MARTIN: And in the end, you write in the book that Kevin was motivated that night by a desire to take his own life and that's what precipitated the murder of his girlfriend.

BUTCHER: Yeah. And that was something that didn't reveal itself until 18 months after he was arrested. You know, initially the murder itself was incredibly graphic, it was brutal. The news stories ran this number - 27 times that he had stabbed Emily Silverstein. And that's a number that, I think, above all implies aggression and intention. And I really struggled with that. We all struggled with that. And so it wasn't until almost two years after this incident that I read - I acquired and read these public documents that after the sentencing were made available, and I learned that he had tried to take his own life. This was something that he claimed immediately after being arrested. And then there were three mental health experts who interviewed Kevin extensively. And all three attested to the fact that they had absolute faith that Kevin had never meant to hurt Emily, that in other words, he raised a knife to his neck. Emily had come over because she was concerned about him. She worried he had threatened to take his own life. And when she intervened physically, trying to remove the knife from his hand, he turned his attention to her.

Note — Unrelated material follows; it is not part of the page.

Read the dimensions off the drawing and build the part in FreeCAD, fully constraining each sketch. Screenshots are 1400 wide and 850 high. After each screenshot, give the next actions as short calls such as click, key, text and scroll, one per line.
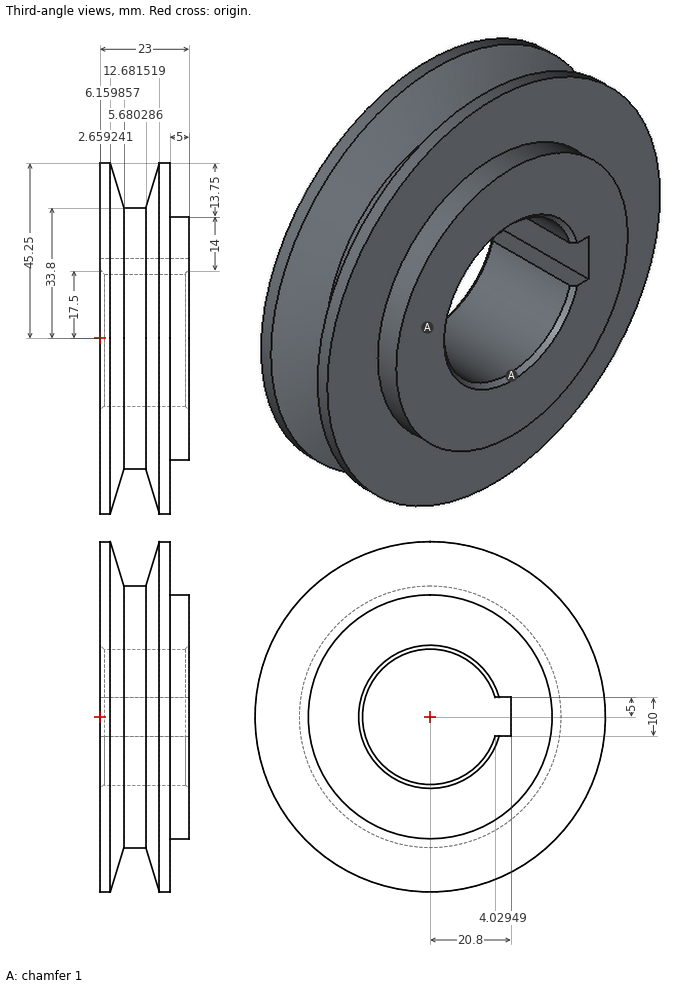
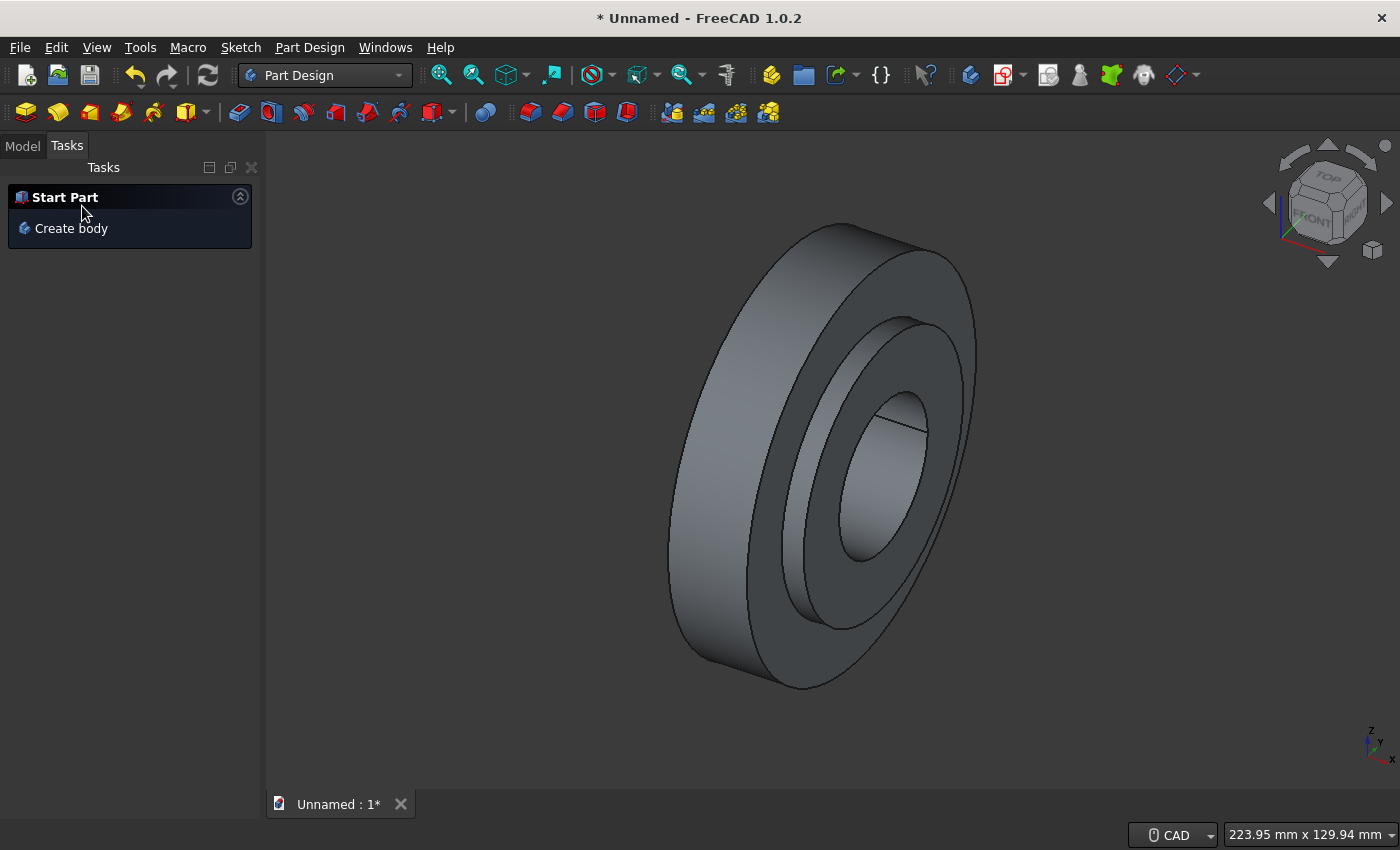
click(1004, 76)

MARTIN: Are you still in touch with him?

BUTCHER: I'm not. You know, it's a very strange thing. I began this book with his support. The one rule that he had was not to contact her family and not to contact his family. But over time as I begin write this book and I began to realize sort of the depth of my own obsession about this night, I felt a necessity to reach out to these people. It was never sort of this exploitative thing. I just simply wanted to write about this event and try to make sense of it. And so I reached out to both parents and both declined to be a part of the book. But when I told Kevin that, he very abruptly ended communication with me and I have not talked to him since. And that's a very strange thing because it's a book about why I wanted to be in touch with him, and by the end I'm not. That's something that I never could've foreseen.

MARTIN: The book is called "Visiting Hours: A Memoir Of Friendship And Murder." It's written by Amy Butcher. She joined us from the studios of WOSU in Columbus, Ohio.

Amy, thanks so much for talking with us.